▶ **Task prompt**:
Report each line from the entries in which "instrument" can be found.

** Opening Data records block **

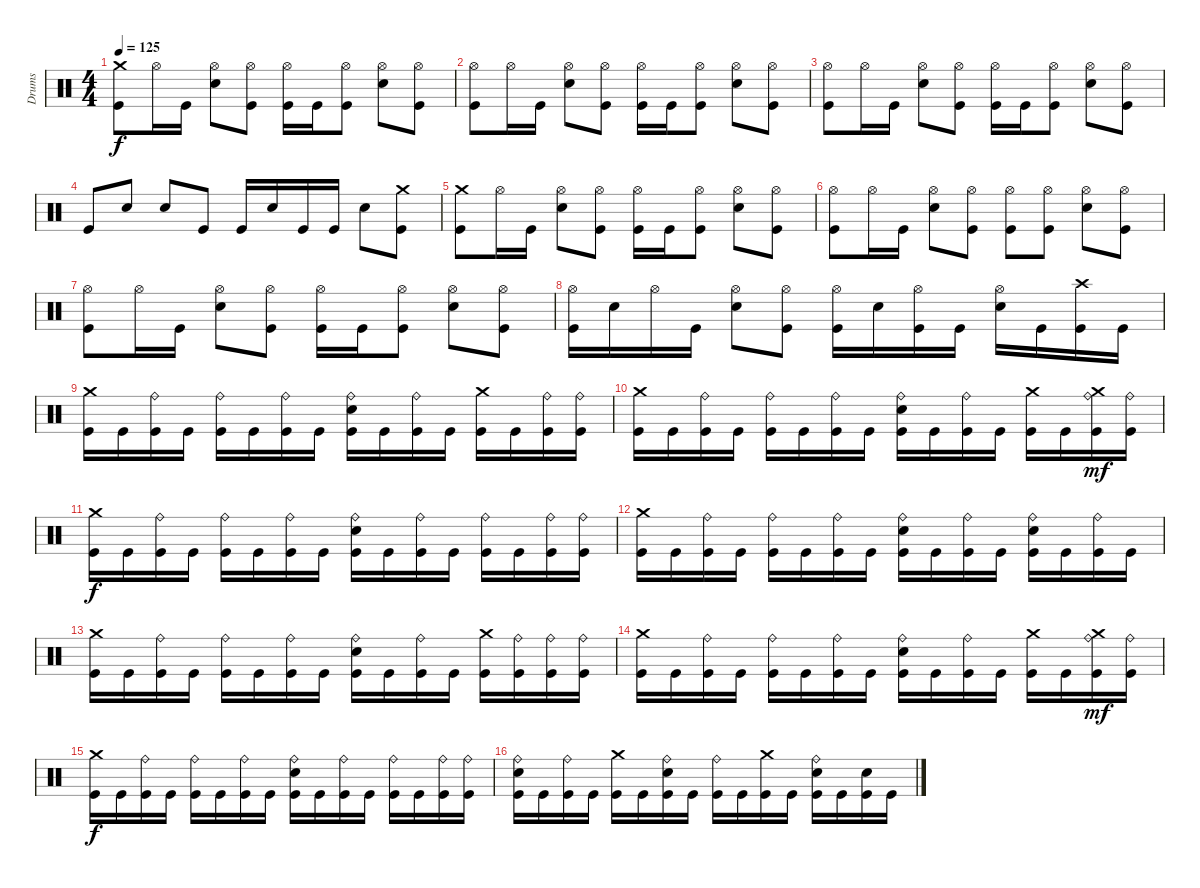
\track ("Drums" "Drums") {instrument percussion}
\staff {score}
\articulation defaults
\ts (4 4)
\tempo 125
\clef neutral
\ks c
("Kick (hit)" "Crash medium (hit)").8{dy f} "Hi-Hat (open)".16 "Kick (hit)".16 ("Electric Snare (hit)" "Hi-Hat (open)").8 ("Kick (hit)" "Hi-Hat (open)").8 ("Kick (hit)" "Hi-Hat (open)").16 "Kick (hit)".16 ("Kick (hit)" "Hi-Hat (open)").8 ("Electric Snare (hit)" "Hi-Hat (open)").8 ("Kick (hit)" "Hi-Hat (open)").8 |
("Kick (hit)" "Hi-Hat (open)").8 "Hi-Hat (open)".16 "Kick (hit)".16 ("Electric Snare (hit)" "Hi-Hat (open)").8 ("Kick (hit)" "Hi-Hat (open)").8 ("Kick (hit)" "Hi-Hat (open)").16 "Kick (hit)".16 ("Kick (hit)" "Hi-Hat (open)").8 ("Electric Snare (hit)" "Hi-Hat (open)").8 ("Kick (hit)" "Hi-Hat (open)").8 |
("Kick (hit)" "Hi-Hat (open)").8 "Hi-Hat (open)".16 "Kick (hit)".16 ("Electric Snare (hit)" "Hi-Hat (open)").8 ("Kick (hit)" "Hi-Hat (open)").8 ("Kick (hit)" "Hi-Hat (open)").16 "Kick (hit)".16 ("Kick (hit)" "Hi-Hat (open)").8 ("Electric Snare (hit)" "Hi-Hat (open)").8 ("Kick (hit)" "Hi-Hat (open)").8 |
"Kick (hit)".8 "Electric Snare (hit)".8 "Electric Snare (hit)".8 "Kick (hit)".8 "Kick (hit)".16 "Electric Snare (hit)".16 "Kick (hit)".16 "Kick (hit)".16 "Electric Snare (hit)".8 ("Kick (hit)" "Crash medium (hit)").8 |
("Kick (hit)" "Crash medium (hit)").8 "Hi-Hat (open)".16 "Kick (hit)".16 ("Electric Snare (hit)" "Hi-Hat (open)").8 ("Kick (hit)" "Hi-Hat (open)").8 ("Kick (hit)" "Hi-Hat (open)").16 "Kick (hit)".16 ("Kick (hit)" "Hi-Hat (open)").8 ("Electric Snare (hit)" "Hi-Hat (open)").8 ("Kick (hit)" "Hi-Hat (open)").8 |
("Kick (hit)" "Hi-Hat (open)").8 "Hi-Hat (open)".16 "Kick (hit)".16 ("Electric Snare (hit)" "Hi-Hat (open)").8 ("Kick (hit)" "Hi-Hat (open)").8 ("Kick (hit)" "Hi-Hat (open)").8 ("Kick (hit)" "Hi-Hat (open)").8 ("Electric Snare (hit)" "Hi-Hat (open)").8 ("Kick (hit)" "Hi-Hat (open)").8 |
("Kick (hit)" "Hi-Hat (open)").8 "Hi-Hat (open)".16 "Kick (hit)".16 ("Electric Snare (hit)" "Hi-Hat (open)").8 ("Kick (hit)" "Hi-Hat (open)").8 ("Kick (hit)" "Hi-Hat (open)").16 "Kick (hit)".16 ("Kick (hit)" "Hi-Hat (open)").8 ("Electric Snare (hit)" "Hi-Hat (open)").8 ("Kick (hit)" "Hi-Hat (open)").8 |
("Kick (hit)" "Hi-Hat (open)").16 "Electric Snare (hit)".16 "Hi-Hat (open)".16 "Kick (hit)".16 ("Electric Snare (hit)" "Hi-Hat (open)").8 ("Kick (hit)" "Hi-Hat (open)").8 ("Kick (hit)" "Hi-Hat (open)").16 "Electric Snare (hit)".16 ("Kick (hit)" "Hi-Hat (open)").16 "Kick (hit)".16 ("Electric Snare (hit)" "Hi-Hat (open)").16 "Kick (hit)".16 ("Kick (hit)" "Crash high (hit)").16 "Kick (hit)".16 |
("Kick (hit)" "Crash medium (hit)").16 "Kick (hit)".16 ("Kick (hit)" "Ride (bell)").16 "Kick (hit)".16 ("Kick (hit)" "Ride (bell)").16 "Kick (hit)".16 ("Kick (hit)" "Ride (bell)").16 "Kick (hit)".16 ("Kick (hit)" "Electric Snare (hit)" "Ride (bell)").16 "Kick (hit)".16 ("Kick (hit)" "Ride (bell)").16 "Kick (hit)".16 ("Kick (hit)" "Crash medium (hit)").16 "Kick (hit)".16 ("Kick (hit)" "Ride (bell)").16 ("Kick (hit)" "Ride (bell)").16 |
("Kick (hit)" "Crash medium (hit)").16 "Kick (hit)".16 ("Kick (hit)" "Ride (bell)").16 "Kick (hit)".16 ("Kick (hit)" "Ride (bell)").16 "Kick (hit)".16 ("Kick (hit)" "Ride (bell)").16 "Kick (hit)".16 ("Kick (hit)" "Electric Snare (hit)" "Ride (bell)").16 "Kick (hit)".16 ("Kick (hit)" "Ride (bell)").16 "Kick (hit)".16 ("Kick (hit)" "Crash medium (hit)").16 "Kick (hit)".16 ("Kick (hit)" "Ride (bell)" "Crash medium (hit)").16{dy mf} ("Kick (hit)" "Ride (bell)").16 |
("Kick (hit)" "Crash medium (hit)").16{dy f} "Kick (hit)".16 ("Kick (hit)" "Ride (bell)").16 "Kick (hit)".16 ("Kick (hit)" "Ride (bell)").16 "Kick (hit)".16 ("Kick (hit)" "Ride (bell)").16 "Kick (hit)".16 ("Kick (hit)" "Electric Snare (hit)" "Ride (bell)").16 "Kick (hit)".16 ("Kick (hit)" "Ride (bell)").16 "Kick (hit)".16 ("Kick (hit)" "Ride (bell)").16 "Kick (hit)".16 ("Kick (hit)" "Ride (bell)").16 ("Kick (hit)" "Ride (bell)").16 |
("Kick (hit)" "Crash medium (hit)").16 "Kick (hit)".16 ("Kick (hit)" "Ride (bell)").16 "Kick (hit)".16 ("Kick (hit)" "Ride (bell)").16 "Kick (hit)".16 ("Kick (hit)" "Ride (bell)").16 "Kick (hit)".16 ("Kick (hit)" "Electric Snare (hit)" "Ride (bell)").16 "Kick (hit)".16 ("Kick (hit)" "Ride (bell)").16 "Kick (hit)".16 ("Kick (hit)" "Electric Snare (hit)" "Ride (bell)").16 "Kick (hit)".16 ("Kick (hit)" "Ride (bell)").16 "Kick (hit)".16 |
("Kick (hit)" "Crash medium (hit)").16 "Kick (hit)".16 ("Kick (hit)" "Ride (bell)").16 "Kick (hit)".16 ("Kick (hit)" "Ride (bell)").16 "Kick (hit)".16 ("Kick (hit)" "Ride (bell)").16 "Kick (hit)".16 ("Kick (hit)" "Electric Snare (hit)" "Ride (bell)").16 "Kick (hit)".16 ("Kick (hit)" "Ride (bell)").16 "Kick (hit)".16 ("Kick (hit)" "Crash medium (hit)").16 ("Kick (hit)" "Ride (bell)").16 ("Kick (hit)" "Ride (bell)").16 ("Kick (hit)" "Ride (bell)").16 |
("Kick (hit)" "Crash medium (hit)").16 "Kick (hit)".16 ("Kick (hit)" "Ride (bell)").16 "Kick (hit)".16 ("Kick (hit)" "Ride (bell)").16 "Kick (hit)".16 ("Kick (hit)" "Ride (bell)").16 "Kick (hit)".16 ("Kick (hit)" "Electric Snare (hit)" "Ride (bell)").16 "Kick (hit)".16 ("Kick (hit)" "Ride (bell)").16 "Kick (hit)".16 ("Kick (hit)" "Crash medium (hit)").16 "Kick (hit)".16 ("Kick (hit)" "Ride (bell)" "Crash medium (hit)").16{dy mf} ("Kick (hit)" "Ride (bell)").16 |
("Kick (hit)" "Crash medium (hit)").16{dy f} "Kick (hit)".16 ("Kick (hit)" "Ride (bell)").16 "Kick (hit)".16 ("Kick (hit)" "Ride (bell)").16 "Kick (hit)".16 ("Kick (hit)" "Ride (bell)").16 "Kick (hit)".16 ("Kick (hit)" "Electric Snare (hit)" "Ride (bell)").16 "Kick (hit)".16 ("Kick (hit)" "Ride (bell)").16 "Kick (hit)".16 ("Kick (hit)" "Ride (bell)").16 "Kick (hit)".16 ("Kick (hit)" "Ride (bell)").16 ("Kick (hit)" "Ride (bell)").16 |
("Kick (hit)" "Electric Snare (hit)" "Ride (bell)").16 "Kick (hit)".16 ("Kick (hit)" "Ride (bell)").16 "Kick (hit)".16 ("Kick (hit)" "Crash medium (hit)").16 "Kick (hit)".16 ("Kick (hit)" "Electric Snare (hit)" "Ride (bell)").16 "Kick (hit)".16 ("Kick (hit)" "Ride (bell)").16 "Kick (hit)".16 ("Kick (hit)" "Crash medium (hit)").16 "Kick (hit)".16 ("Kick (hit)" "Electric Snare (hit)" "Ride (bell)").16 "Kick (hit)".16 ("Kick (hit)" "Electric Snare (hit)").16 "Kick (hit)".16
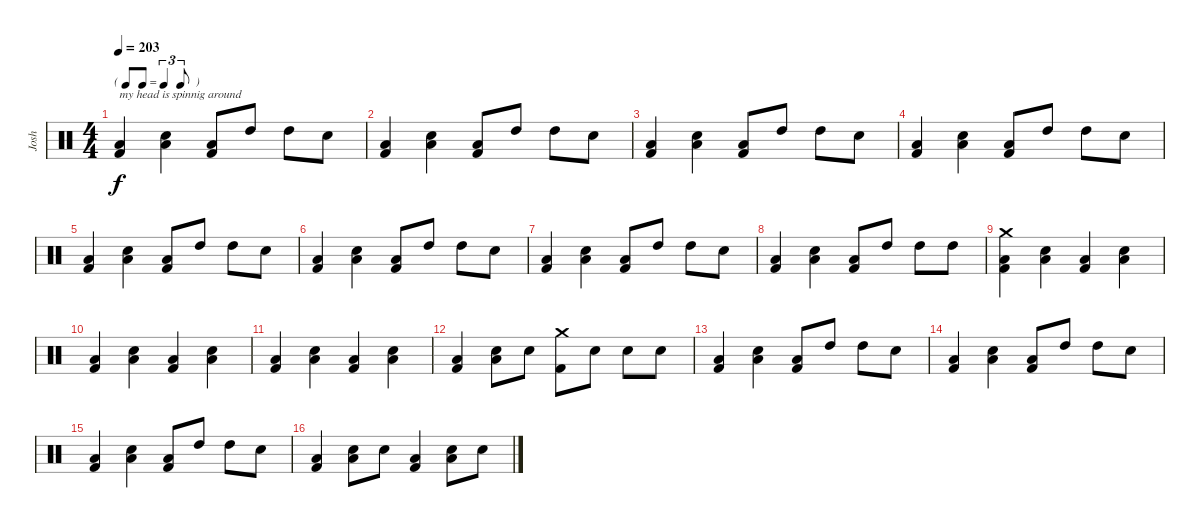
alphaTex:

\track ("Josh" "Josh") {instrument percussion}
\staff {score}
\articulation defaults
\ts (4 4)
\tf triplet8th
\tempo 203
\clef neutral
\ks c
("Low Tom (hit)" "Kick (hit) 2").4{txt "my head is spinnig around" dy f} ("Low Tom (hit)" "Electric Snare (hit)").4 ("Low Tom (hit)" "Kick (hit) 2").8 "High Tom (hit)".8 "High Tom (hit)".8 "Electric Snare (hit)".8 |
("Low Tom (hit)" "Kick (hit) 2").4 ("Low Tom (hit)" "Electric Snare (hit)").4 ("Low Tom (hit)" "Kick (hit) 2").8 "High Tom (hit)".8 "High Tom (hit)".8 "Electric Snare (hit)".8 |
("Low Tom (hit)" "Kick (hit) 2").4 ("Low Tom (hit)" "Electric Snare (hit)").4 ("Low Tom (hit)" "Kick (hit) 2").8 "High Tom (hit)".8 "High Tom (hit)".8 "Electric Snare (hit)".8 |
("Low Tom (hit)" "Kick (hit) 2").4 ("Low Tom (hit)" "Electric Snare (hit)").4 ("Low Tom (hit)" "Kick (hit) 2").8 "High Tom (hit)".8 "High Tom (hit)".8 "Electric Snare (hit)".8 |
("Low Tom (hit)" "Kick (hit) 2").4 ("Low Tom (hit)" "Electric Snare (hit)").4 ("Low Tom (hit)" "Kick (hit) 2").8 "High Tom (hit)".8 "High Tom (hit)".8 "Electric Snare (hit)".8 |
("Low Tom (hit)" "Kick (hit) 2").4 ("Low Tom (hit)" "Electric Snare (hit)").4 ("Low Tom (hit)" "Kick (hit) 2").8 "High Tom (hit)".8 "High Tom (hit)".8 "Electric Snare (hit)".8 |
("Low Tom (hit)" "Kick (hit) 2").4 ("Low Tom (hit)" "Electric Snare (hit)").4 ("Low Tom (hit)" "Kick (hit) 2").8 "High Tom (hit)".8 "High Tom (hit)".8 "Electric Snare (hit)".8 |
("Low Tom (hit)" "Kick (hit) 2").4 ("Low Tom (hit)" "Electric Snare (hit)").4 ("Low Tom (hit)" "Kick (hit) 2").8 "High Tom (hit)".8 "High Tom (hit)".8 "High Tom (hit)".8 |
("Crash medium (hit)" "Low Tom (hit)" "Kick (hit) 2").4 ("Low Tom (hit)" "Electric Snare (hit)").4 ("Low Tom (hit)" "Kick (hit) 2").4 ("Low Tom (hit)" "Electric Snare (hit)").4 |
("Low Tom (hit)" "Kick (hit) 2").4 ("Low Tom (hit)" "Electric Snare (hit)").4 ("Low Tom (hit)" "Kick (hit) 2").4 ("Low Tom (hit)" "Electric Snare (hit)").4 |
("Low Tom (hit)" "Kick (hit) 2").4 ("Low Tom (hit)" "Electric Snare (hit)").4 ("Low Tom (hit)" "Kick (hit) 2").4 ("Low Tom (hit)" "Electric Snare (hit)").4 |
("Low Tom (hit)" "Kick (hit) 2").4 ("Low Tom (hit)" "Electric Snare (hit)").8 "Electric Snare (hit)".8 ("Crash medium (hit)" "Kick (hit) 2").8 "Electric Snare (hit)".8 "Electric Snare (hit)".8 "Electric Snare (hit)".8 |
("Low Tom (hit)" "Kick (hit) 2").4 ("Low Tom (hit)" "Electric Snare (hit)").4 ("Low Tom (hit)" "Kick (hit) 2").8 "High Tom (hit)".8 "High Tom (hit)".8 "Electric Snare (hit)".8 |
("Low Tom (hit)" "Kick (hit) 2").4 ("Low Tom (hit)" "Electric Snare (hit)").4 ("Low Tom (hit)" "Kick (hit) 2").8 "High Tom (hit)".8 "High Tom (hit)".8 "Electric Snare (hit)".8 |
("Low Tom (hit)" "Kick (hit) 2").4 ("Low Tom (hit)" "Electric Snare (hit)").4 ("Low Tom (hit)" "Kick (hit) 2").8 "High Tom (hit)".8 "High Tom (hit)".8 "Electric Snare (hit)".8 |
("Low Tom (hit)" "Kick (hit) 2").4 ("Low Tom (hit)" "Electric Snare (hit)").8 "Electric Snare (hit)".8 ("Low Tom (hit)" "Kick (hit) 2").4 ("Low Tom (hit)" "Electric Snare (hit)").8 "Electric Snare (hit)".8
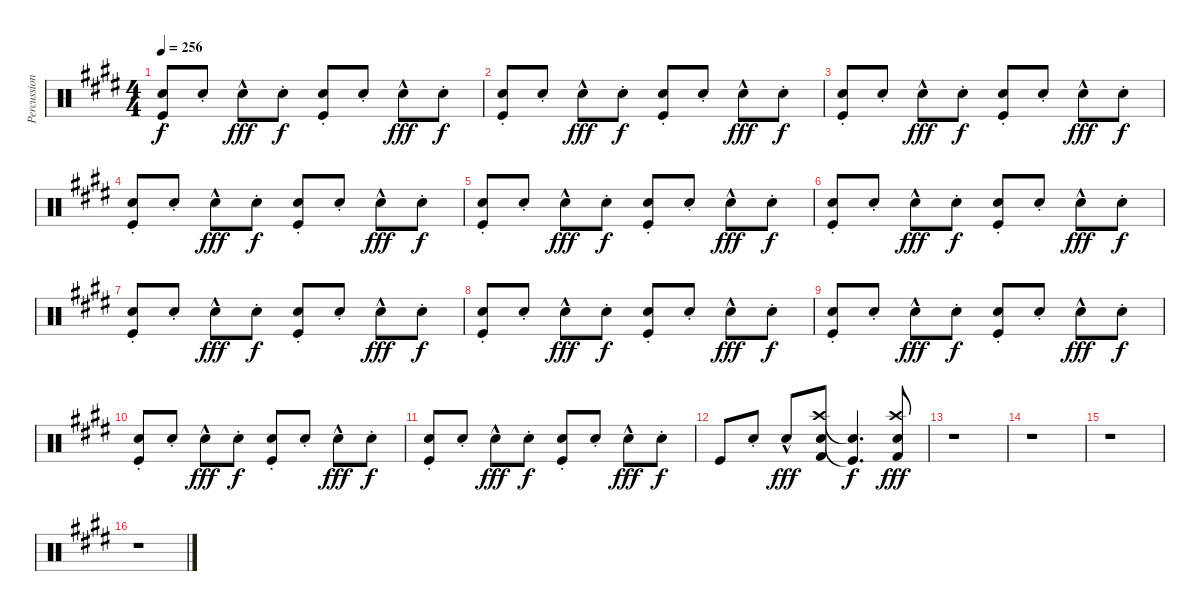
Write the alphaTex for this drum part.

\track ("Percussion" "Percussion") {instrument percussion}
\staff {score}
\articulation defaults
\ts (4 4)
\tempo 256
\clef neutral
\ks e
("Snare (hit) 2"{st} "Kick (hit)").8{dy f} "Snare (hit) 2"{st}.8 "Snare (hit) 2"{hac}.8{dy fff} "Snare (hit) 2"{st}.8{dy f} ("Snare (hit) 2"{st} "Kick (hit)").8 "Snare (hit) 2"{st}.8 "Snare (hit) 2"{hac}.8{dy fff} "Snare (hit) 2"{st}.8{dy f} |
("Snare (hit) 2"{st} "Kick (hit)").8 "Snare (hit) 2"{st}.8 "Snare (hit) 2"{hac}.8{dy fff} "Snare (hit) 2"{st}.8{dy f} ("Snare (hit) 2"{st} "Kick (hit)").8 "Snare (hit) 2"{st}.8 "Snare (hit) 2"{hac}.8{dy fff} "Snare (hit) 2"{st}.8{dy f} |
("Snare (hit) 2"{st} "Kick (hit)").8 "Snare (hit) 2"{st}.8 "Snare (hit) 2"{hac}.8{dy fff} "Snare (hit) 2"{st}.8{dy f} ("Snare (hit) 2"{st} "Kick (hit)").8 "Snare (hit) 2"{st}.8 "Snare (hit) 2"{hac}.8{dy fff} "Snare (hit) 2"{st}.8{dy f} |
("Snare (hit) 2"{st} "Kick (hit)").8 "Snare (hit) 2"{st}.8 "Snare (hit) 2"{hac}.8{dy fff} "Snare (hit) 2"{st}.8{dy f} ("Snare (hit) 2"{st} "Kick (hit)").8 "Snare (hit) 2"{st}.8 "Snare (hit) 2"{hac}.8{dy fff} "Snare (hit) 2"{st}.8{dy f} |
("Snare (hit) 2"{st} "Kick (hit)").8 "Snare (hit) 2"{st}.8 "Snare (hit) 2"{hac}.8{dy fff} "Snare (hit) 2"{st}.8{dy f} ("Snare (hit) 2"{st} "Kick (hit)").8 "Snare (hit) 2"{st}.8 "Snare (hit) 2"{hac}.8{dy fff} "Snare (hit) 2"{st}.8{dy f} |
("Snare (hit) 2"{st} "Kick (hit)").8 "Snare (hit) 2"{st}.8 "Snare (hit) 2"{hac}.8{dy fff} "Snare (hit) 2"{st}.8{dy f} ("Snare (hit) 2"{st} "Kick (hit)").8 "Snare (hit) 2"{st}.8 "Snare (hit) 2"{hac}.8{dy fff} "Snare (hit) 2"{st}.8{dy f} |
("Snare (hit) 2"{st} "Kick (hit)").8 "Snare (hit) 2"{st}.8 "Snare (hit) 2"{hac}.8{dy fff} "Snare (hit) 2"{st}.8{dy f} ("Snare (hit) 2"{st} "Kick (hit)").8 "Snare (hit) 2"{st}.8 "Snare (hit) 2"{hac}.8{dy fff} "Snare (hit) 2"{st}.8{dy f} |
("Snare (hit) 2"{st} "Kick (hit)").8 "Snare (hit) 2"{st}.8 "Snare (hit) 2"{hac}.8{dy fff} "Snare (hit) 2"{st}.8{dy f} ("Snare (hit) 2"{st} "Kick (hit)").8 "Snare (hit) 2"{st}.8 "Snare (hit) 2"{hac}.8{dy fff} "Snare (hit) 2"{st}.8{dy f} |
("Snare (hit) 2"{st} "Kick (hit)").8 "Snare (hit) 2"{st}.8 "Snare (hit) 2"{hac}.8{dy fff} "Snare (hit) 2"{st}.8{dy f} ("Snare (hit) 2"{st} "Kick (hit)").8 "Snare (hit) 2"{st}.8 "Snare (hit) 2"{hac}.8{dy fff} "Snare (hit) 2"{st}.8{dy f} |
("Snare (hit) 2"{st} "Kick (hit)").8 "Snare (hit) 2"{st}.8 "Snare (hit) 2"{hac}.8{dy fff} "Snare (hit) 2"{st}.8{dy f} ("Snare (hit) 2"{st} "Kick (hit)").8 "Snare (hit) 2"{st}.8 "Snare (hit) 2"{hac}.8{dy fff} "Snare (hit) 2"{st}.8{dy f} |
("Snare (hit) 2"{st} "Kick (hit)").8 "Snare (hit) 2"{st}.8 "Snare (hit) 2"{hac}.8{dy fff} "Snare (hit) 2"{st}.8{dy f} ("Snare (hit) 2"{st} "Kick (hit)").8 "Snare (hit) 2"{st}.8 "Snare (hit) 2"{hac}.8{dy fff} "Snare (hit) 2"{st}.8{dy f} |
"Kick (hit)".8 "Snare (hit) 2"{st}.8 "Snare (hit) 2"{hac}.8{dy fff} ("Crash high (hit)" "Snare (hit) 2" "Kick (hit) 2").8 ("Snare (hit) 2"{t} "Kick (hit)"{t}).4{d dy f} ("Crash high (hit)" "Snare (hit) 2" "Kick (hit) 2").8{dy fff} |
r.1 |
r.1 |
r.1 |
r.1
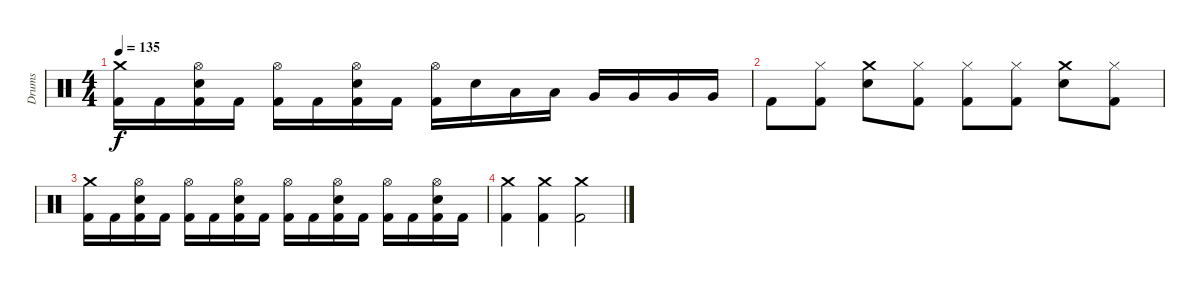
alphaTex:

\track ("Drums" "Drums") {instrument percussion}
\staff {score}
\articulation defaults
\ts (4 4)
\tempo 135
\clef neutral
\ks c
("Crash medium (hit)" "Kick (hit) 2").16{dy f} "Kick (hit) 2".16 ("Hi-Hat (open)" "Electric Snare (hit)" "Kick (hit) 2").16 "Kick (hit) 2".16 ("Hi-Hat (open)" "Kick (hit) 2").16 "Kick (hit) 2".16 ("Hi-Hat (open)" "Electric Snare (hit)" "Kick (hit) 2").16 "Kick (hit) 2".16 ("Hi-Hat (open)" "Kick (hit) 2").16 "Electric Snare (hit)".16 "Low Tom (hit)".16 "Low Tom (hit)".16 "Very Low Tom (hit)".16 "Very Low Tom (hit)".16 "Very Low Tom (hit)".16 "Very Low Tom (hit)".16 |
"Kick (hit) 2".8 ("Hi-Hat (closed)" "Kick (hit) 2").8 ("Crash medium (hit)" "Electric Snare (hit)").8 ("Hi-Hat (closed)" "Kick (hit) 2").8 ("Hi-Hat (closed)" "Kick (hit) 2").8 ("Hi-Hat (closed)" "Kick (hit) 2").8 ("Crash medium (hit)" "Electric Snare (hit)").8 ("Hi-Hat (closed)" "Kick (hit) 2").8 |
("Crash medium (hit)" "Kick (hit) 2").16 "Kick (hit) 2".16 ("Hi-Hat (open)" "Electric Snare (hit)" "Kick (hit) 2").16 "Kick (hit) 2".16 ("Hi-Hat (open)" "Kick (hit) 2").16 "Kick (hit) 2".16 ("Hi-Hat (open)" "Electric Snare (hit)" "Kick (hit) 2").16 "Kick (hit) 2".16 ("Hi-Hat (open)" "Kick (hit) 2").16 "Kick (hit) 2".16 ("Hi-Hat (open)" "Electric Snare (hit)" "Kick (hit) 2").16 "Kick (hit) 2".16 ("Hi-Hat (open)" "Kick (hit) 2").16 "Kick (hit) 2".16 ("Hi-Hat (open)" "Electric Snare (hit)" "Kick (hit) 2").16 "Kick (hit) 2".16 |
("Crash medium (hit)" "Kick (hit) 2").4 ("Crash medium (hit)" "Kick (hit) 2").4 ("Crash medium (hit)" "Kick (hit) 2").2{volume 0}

** Closing Data records block **

▶ **Your solution**:
\track ("Drums" "Drums") {instrument percussion}
\track ("Josh" "Josh") {instrument percussion}
\track ("Percussion" "Percussion") {instrument percussion}
\track ("Drums" "Drums") {instrument percussion}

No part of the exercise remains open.